Curricula with non-overlapping confidence intervals have average scores that are significantly different at the 5 percent level of confidence. The results are presented in standard deviations, which means that subtracting the average values (the dots) for any two curricula indicates the effect size of using the first curriculum instead of the second. The effect sizes discussed below were calculated by dividing each pair-wise curriculum comparison by the pooled standard deviation of the spring score for the two curricula being compared, and Hedges’ g formula (with the correction for small-sample bias) was used to calculate the pooled standard deviations. Appendix D presents averages of the unadjusted math scores (see Table D.3). The relative effects of the curricula described below are similar when based on the simple averages, although the confidence intervals are wider than those based on the HLM-adjusted averages, as expected.

(Refer to Average HLM-Adjusted Spring Math Score with Confidence Interval, by Curriculum (in standard deviations))

The figure shows that:

  • Student math achievement was significantly higher in schools assigned to Math Expressions and Saxon, than in schools assigned to Investigations and SFAW. Average HLM-adjusted spring math achievement of Math Expressions and Saxon students was 0.30 standard deviations higher than Investigations students, and 0.24 standard deviations higher than SFAW students. For a student at the 50th percentile in math achievement, these effects mean that the student’s percentile rank would be 9 to 12 points higher if the school used Math Expressions or Saxon, instead of Investigations or SFAW.
  • Math achievement in schools assigned to the two more effective curricula (Math Expressions and Saxon) was not significantly different, nor was math achievement in schools assigned to the two less effective curricula (Investigations and SFAW). The Math Expressions-Saxon and Investigations-SFAW differentials equal 0.02 and -0.07 standard deviations, respectively, and neither is statistically significant.

We also examined whether the relative effects of the curricula differ along six characteristics that differentiate instructional settings: (1) participating districts, (2) school fall achievement, (3) school free/reduced-price meals eligibility, (4) teacher education, (5) teacher experience, and (6) teacher math content/pedagogical knowledge that was measured before curriculum training began using an assessment administered by the study team. These characteristics were used to create 15 subgroups—one for each of the four districts, three based on school fall achievement, and two subgroups for each of the other four characteristics.

Eight of the fifteen subgroup analyses found statistically significant differences in student math achievement between curricula.
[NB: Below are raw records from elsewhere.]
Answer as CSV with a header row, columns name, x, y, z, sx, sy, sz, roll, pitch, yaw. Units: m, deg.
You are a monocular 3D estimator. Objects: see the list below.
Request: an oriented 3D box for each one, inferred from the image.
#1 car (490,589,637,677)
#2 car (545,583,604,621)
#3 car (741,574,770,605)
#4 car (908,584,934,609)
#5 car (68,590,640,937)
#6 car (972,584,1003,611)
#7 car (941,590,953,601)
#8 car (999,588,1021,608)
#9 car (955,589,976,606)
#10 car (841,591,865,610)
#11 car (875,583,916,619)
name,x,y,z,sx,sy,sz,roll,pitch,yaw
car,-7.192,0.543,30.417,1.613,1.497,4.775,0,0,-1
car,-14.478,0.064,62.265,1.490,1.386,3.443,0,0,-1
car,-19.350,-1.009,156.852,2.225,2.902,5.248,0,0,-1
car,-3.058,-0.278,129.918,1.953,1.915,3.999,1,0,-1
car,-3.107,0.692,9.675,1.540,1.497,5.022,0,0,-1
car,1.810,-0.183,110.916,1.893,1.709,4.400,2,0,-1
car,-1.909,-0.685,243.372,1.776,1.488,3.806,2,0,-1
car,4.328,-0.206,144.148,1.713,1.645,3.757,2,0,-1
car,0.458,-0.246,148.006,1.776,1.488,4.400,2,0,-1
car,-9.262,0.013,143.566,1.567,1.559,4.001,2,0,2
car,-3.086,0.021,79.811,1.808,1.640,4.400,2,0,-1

The significant curriculum differences ranged from 0.28 to 0.71 standard deviations, and all of the significant differences favored Math Expressions or Saxon over Investigations or SFAW. There were no subgroups for which Investigations or SFAW showed a statistically significant advantage.


5 As mentioned above, the 5 percent level of confidence means there is no more than a 5 percent chance that any finding discussed could have occurred by chance.
6 Each classroom in the current sample was observed once during the 2006-2007 school year. Those observations are not presented in this report because the reliability of those data cannot be assessed until observations have been completed in all the study schools.
7 Adherence to the essential features of each curriculum also was examined and is presented in Chapter II. Several analytical approaches can be used to examine adherence, but only one approach could be supported by the relatively small teacher sample sizes that are currently available for each curriculum. We do not make any general statements about adherence in the executive summary because it would be useful to examine whether the results are sensitive to the other analytical approaches, and instead encourage readers interested in the adherence analysis we were able to conduct at this point to see Chapter II. A future planned report (described at the end of the executive summary) will have larger teacher sample sizes that can support the other analyses.